Мы с Ришаром двинулись навстречу, но у них явно не было желания вступать с нами в контакт. Уполномочили Пятницу вести дипломатические переговоры. Пастухи оказались рендилле – стройные красавцы, молчаливые, сдержанные. Опершись на копья и застыв в скульптурных позах, они смотрели на наши любопытные физиономии с тем же достоинством, с каким львы глядят на визитеров в заповеднике Серенгети.
Когда жара спала, мы свернули лагерь и загрузили ослов. Я же прошел метров сто до того места, где скалистый берег круто обрывался, чтобы зачерпнуть воды в пластмассовую флягу – химик Кюфферат просил доставить ему для анализа пробу из озера Рудольфа. Я отнесся к заданию со всей серьезностью и благоговейно опустил флягу в воду.
Через холмы и поля черного базальта тянулась тропа, ставшая после Лонджерина для нас нитью Ариадны. В сумерках она привела к южной оконечности Рудольфа. Здесь в сушу на несколько километров врезалась обширная бухта с совершенно ровными параллельно идущими берегами. Было ясно, что в этом месте в земной коре опустился клин.

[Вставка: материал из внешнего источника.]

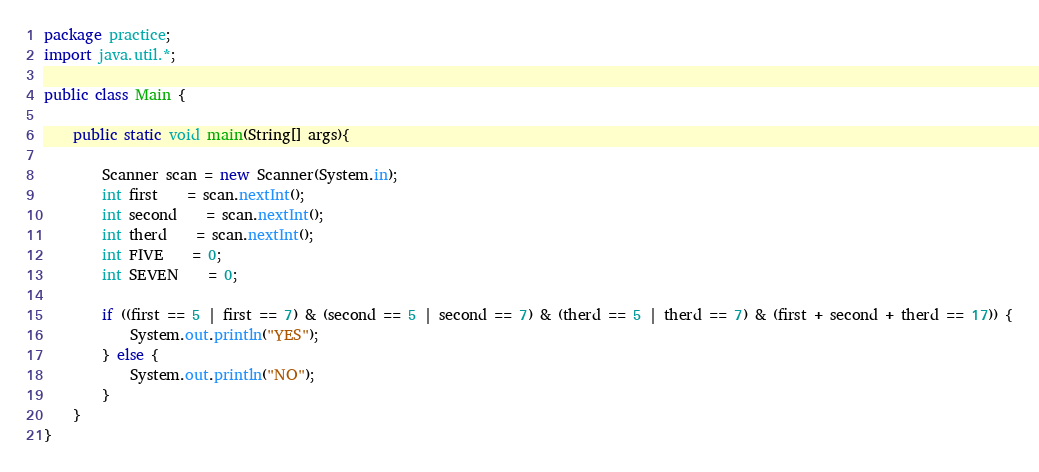<code> <loc_0><loc_0><loc_500><loc_500><_Java_>package practice;
import java.util.*;

public class Main {

	public static void main(String[] args){

		Scanner scan = new Scanner(System.in);
		int first	= scan.nextInt();
		int second	= scan.nextInt();
		int therd	= scan.nextInt();
		int FIVE	= 0;
		int SEVEN	= 0;
		
		if ((first == 5 | first == 7) & (second == 5 | second == 7) & (therd == 5 | therd == 7) & (first + second + therd == 17)) {
			System.out.println("YES");
		} else {
			System.out.println("NO");
		}
	}
}</code> 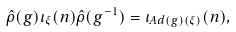<formula> <loc_0><loc_0><loc_500><loc_500>\hat { \rho } ( g ) \iota _ { \xi } ( n ) \hat { \rho } ( g ^ { - 1 } ) = \iota _ { A d ( g ) ( \xi ) } ( n ) ,</formula>

Подошедший высокий с нежным лицом туркана сказал, что бухта называется Лотарр и что там полным-полно крокодилов. Его маньятта стояла неподалеку. На противоположном берегу в ста метрах поднимался правильный конус потухшего вулкана, который мы заметили еще накануне. Он назывался Набуятом – «Место боевого рога»… Там мы и стали лагерем.